• [What you will do] Copy each entry verbatim, excluding its images.
--- Stored data ---
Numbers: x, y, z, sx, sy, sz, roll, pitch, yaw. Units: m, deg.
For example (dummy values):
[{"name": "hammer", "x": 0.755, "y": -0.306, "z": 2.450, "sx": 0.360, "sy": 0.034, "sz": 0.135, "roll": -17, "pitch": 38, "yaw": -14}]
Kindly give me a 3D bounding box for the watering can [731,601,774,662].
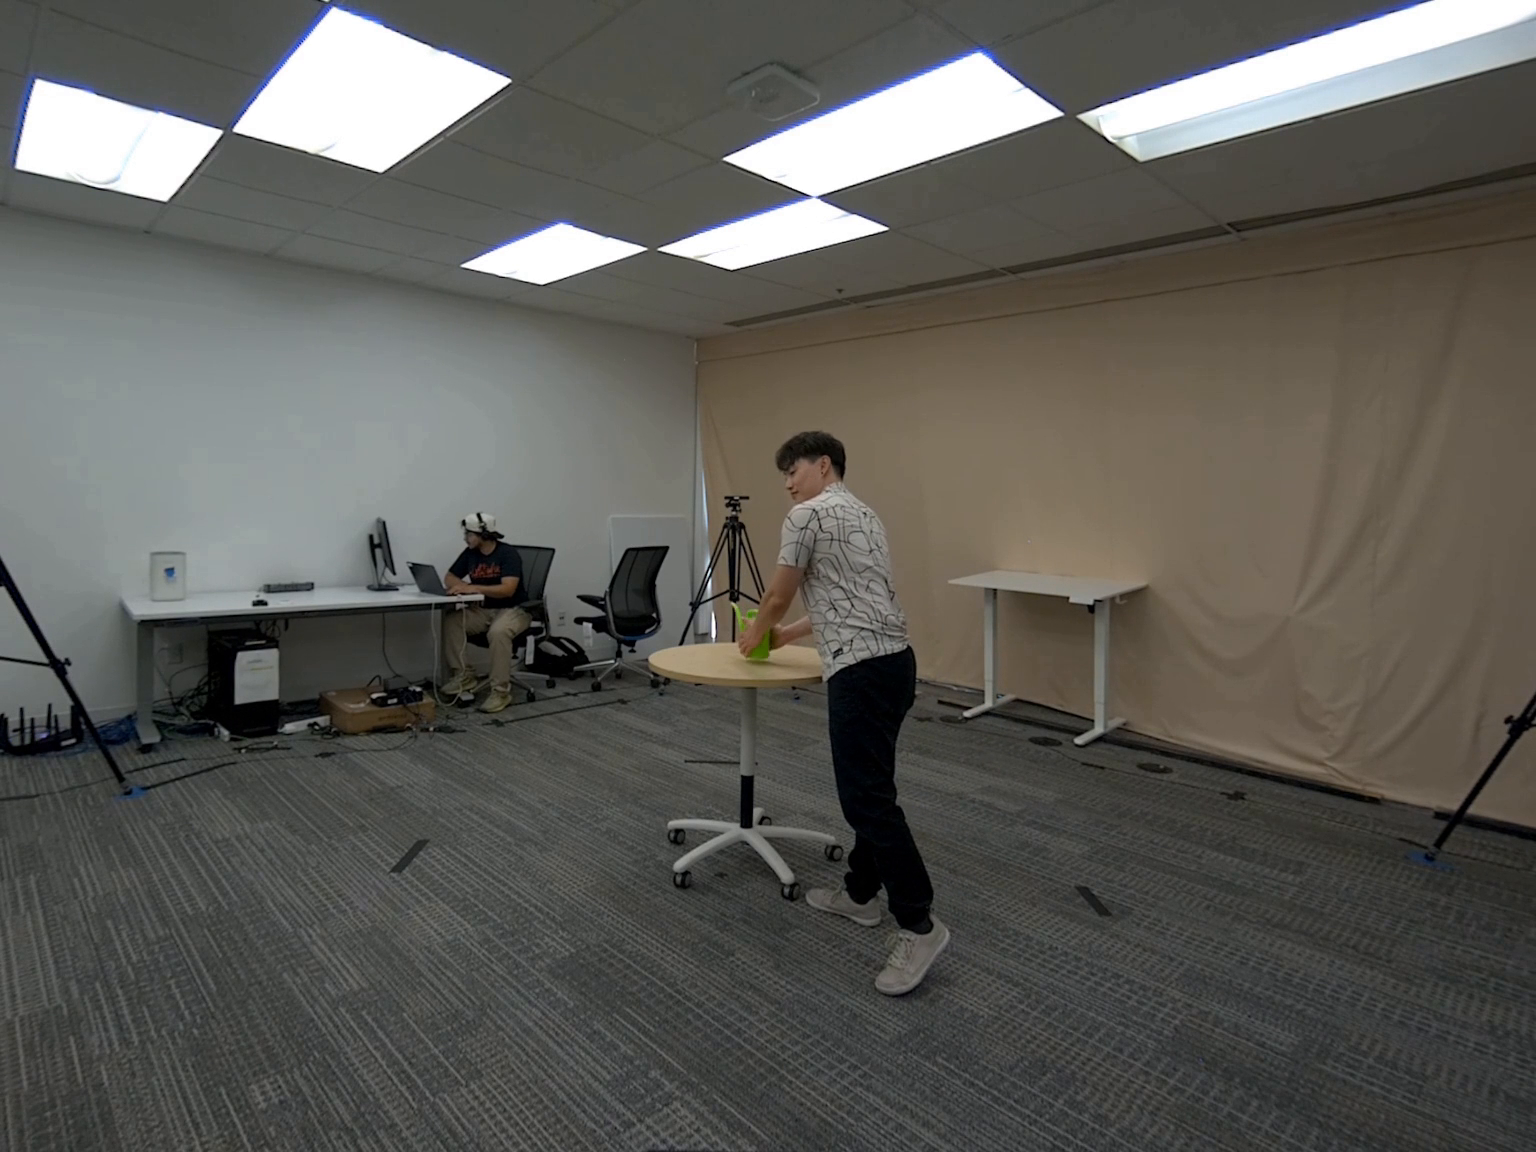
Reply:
[{"name": "watering can", "x": -0.064, "y": 0.209, "z": 3.141, "sx": 0.097, "sy": 0.176, "sz": 0.282, "roll": -1, "pitch": 7, "yaw": -11}]
---
• [Solution to this task]
Numbers: x, y, z, sx, sy, sz, roll, pitch, yaw. Units: m, deg.
For example (dummy values):
[{"name": "hammer", "x": 0.755, "y": -0.306, "z": 2.450, "sx": 0.360, "sy": 0.034, "sz": 0.135, "roll": -17, "pitch": 38, "yaw": -14}]
Kindly give me a 3D bounding box for the watering can [731,601,774,662].
Reply:
[{"name": "watering can", "x": -0.064, "y": 0.209, "z": 3.141, "sx": 0.097, "sy": 0.176, "sz": 0.282, "roll": -1, "pitch": 7, "yaw": -11}]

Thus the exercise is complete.